» Activity
Reproduce, character for character, the lines below from the first through the one with "text Het besluit". Leave pictures out.

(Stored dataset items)
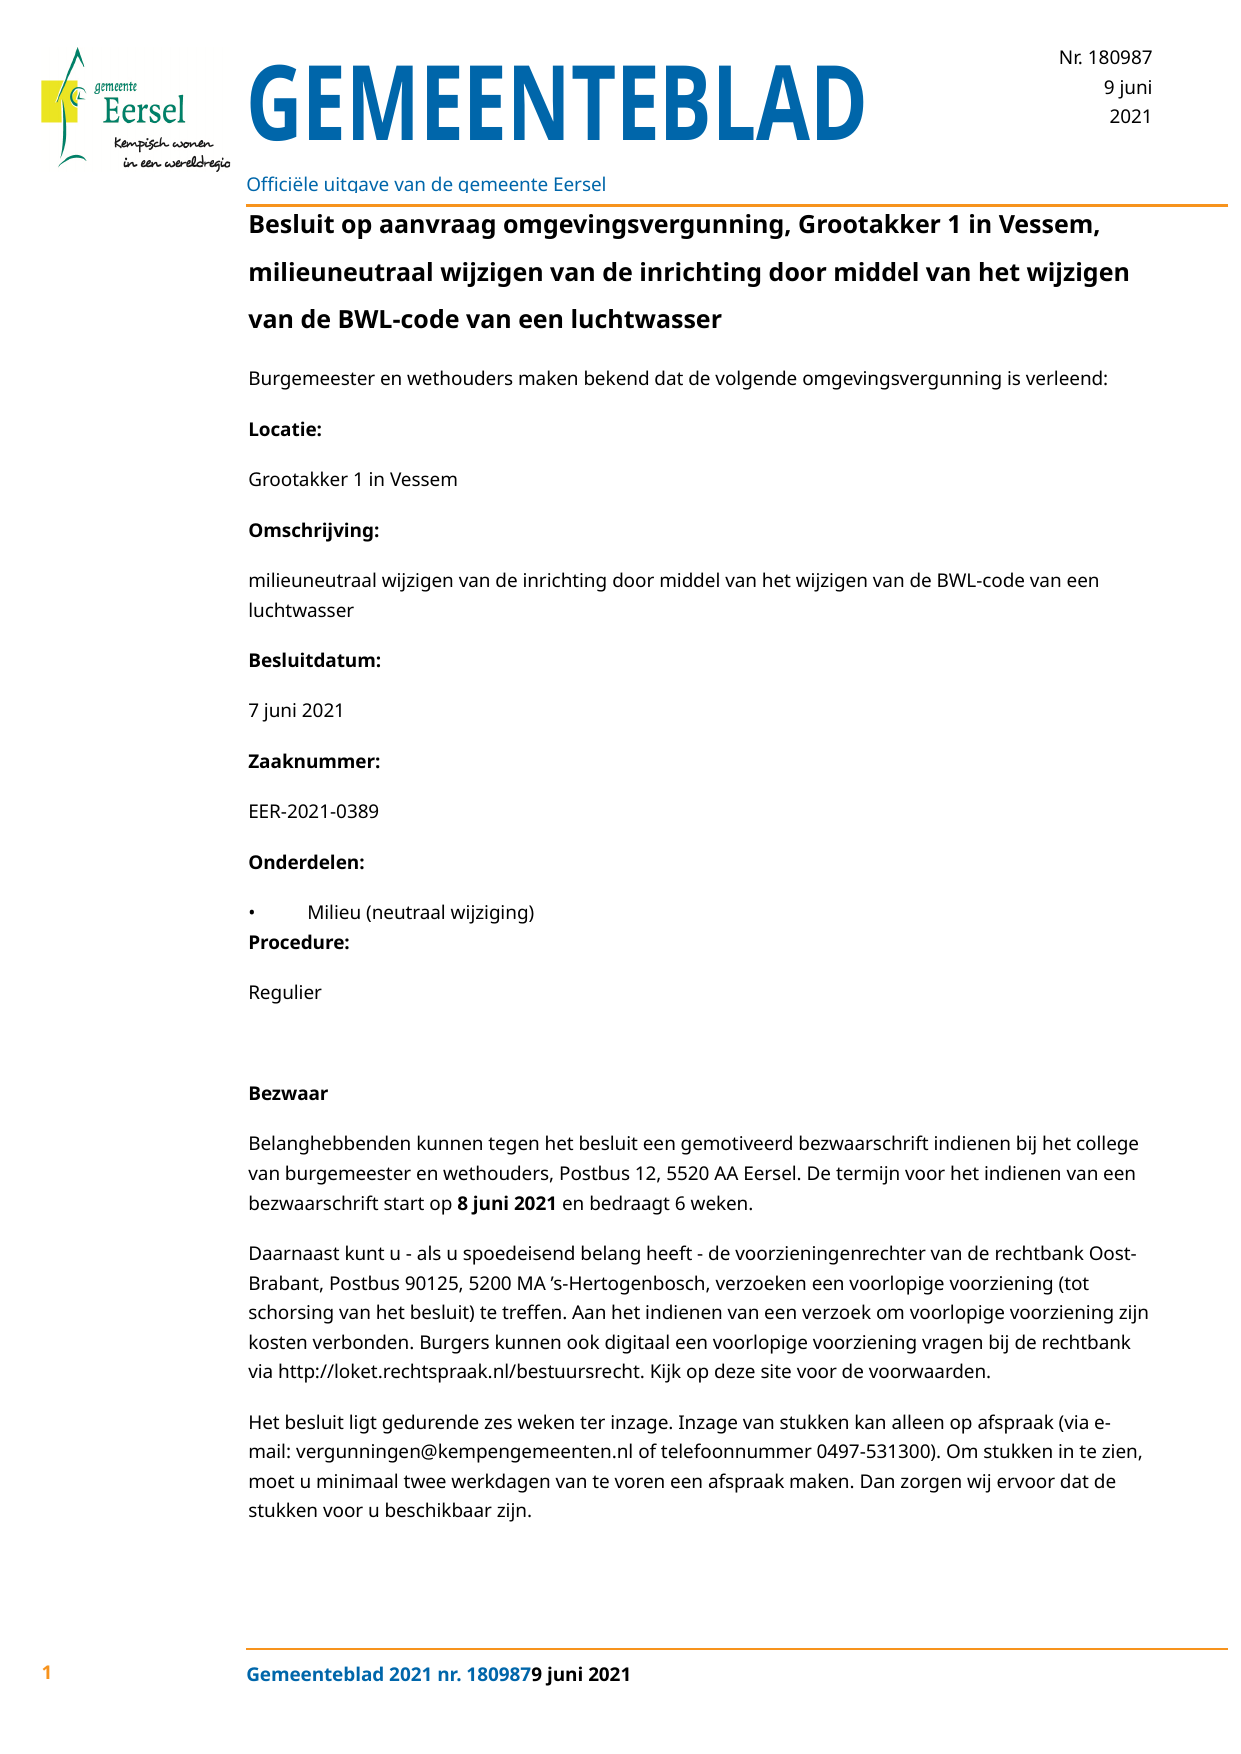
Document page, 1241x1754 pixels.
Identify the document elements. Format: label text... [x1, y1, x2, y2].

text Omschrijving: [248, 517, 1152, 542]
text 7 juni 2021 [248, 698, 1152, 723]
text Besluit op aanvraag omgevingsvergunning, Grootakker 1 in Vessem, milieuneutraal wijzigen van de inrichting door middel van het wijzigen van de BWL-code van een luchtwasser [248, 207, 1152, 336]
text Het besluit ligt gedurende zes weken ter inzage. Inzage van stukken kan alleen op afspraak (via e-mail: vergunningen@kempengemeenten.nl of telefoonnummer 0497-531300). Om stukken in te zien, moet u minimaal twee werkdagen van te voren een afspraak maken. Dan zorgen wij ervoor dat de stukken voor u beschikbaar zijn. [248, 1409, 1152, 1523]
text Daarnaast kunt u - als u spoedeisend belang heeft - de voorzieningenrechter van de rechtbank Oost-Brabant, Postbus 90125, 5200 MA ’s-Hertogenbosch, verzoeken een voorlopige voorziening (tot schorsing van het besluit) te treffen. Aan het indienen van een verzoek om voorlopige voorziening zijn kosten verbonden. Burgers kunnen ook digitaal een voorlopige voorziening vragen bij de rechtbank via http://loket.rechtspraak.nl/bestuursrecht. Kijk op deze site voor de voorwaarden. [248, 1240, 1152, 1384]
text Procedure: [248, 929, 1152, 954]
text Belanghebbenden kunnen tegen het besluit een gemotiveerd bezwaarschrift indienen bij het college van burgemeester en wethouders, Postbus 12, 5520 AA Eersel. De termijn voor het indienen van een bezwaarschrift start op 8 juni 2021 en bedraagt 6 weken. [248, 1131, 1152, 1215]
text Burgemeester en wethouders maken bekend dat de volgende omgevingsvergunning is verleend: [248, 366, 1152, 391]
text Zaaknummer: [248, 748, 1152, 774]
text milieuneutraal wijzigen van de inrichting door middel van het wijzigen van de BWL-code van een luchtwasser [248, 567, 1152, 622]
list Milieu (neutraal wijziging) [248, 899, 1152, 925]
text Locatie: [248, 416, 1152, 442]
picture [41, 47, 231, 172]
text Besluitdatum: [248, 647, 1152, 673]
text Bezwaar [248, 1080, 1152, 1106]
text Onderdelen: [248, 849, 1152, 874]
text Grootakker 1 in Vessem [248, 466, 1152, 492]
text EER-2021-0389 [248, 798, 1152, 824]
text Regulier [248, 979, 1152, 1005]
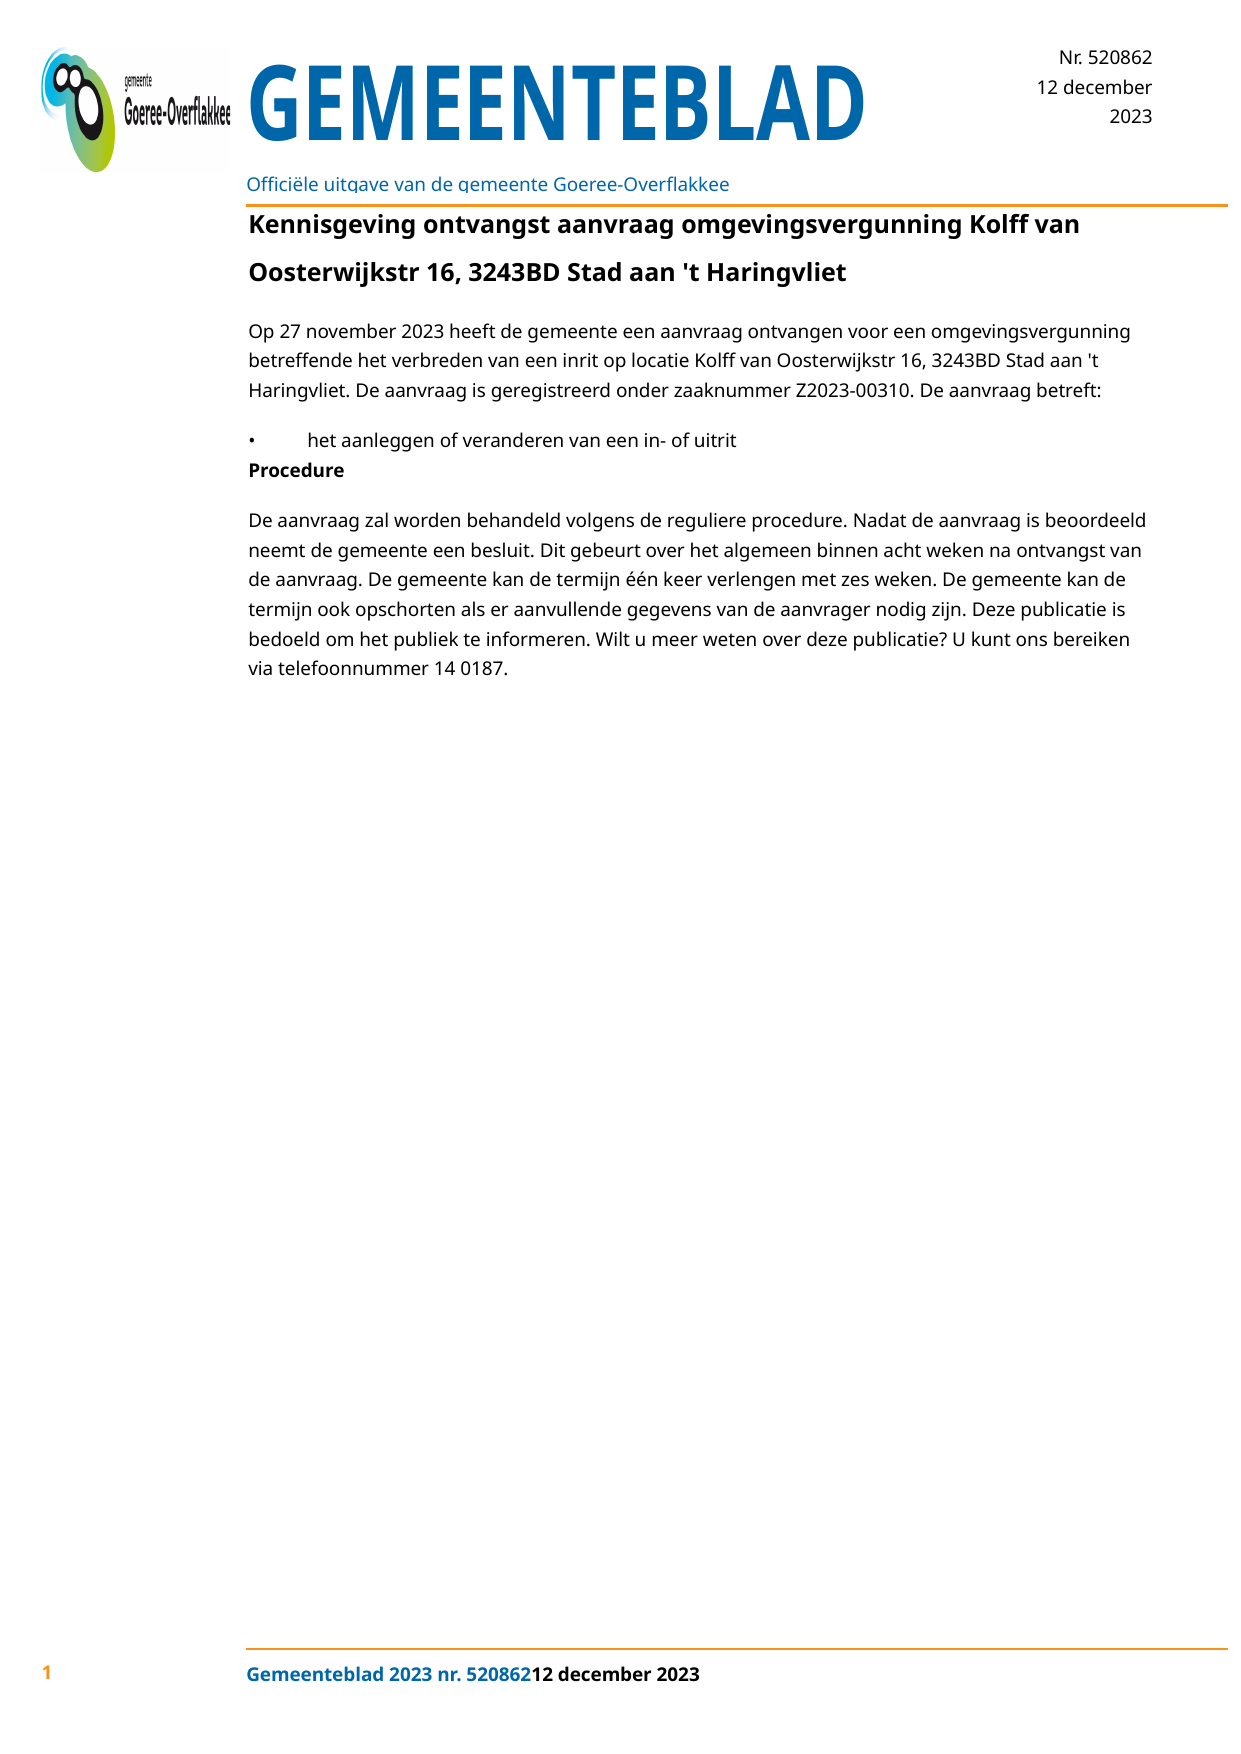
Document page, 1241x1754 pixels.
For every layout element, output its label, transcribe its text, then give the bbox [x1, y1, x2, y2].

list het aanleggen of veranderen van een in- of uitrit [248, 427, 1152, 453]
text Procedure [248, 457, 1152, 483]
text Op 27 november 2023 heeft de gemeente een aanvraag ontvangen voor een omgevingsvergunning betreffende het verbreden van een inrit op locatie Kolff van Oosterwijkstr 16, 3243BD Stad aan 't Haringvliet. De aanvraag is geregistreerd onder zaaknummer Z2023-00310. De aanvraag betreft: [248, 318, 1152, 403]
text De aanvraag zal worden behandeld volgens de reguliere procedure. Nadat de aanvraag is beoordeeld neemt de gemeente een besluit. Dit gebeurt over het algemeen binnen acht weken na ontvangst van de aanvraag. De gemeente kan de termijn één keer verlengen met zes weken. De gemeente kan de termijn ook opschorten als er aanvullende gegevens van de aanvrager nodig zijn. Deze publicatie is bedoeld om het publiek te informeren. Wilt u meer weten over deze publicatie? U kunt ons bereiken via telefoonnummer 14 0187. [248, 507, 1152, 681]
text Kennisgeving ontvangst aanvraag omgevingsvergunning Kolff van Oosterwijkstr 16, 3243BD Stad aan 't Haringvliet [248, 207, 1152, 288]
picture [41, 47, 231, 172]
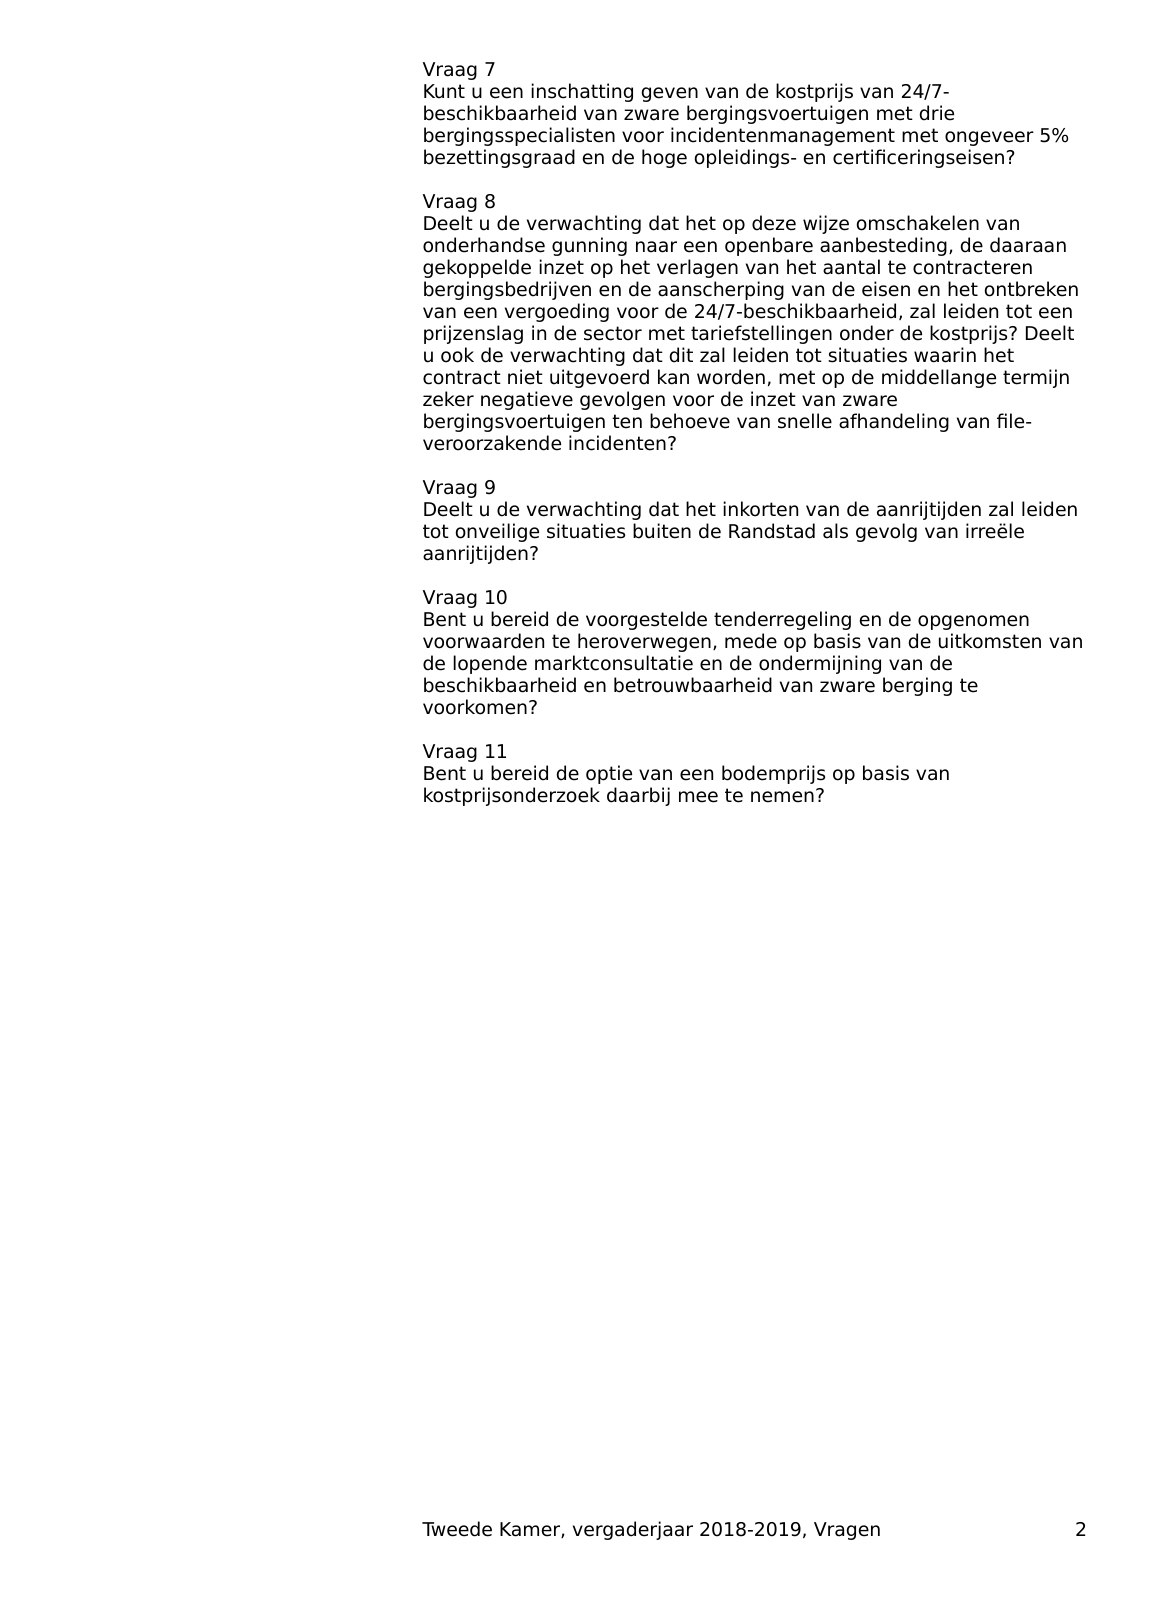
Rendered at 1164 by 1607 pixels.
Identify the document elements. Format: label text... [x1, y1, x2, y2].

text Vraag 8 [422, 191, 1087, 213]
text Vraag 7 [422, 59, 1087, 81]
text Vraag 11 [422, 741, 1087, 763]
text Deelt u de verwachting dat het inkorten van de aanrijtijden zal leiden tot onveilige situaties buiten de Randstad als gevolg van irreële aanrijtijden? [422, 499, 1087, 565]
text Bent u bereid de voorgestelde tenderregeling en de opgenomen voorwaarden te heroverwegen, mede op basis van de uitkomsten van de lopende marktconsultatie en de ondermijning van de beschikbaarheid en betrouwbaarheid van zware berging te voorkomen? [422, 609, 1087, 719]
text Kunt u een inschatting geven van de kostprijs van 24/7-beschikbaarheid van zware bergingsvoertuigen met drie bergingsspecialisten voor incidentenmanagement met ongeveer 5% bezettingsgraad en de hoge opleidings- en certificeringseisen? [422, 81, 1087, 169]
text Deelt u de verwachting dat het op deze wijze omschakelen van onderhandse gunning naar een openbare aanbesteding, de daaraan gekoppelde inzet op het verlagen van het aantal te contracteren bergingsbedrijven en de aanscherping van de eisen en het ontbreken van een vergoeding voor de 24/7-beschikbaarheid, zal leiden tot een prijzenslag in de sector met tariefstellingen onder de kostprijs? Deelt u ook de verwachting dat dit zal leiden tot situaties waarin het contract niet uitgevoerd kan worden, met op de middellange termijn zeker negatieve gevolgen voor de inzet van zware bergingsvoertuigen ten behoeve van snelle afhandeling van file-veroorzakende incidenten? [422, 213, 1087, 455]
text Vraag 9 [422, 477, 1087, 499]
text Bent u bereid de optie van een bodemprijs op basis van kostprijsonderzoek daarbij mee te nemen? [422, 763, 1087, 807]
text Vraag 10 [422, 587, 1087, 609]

» Solved exercise
Document page, 1241x1754 pixels.
Identify the document elements. Format: label text... [x1, y1, x2, y2].

text Omschrijving: [248, 517, 1152, 542]
text 7 juni 2021 [248, 698, 1152, 723]
text Besluit op aanvraag omgevingsvergunning, Grootakker 1 in Vessem, milieuneutraal wijzigen van de inrichting door middel van het wijzigen van de BWL-code van een luchtwasser [248, 207, 1152, 336]
text Het besluit ligt gedurende zes weken ter inzage. Inzage van stukken kan alleen op afspraak (via e-mail: vergunningen@kempengemeenten.nl of telefoonnummer 0497-531300). Om stukken in te zien, moet u minimaal twee werkdagen van te voren een afspraak maken. Dan zorgen wij ervoor dat de stukken voor u beschikbaar zijn. [248, 1409, 1152, 1523]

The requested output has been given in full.